Step 1: Upload an OVA to S3 bucket.
Step 2: Create trust policy
Step 3: Create role policy
Step 4: Create containers.json with bucket name and ova filename.
Step 5: Run command for import-image
Command: aws ec2 import-image --description "My Unique OVA" --disk-containers file://containers.json
Step 6: Get the "ImportTaskId": "import-ami-fgi2cyyd" (in my case)

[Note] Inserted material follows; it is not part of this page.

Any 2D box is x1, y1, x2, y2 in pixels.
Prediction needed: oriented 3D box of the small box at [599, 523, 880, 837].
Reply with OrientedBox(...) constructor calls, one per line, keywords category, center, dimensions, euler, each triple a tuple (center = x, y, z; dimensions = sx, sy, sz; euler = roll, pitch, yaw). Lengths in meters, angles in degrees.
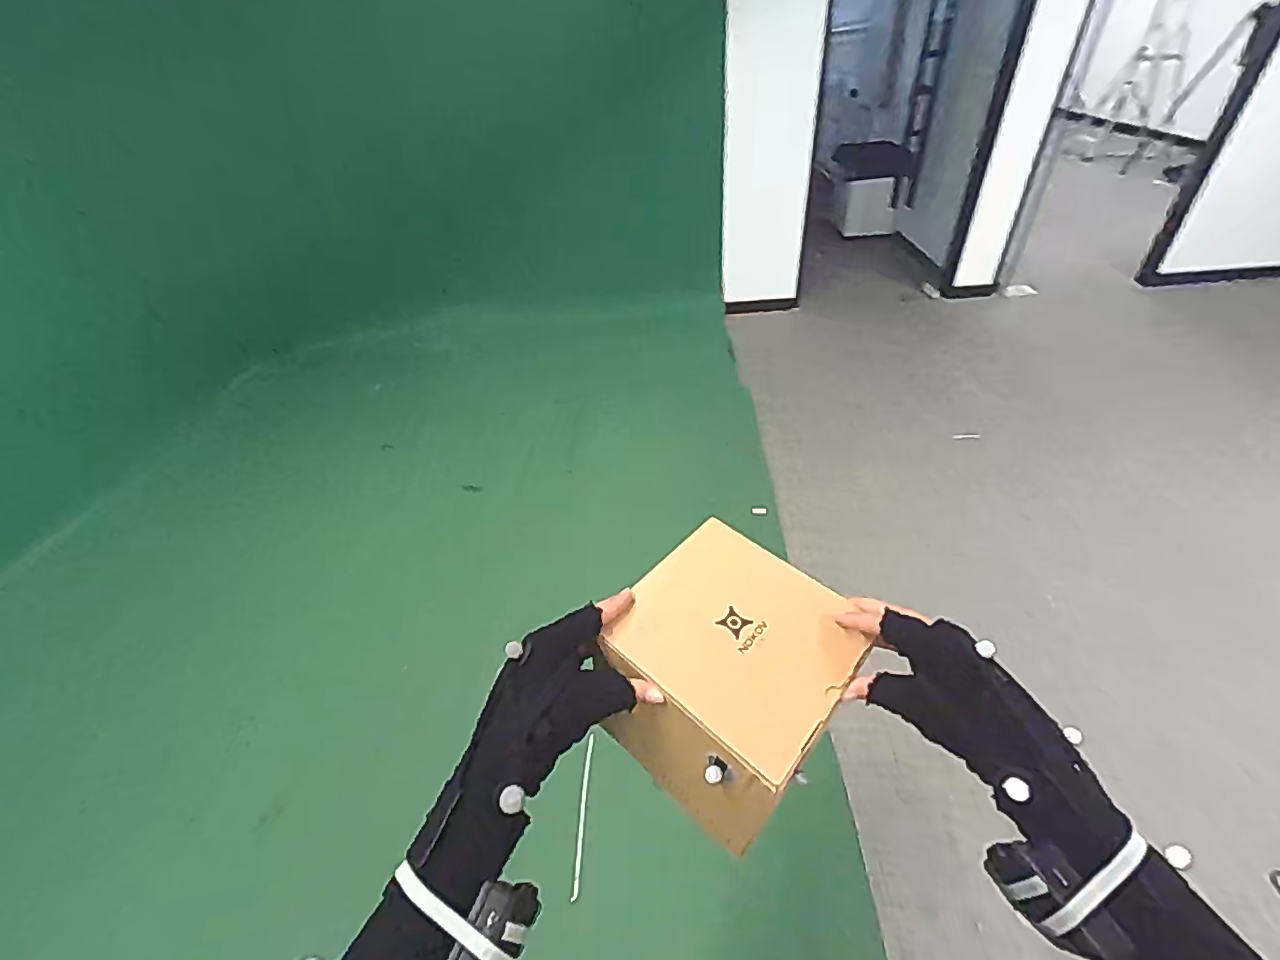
OrientedBox(category="small box", center=(0.077, 0.179, 0.494), dimensions=(0.179, 0.176, 0.168), euler=(34, 50, 28))

Step 7: Check status of import task
Error:
C:\Users\joe>aws ec2 describe-import-image-tasks --import-task-ids import-ami-fgi2cyyd
{
"ImportImageTasks": [
{
"Status": "deleted",
"SnapshotDetails": [
{
"UserBucket": {
"S3Bucket": "my_unique_bucket",
"S3Key": "my_unique_ova.ova"
},
"DiskImageSize": 2871726592.0,
"Format": "VMDK"
}
],
"Description": "My Unique OVA",
"StatusMessage": "ClientError: GRUB doesn't exist in /etc/default directory.",
"ImportTaskId": "import-ami-fgi2cyyd"
}
]
}
What am I doing wrong? I am on free-tier trying things out.
Contents of containers.json:
[
{
"Description": "My Unique OVA",
"Format": "ova",
"UserBucket": {
"S3Bucket": "my_unique_bucket",
"S3Key": "my_unique_ova.ova"
}
}]
The ova file was corrupted in my case. Tried it with a smaller ova and it worked fine.
Alright, figured it out. The problem I ran into, which I assume will be the case with yours as well is that you probably aren't using a grub loader but rather the lilo loader. I was able to alter the boot loader by going into the gui (startx) and going under system configuration. Under the Boot menu I was able to switch from lilo to Grub. Once I did that, I got further in the ec2 vm import process. Hope that helps.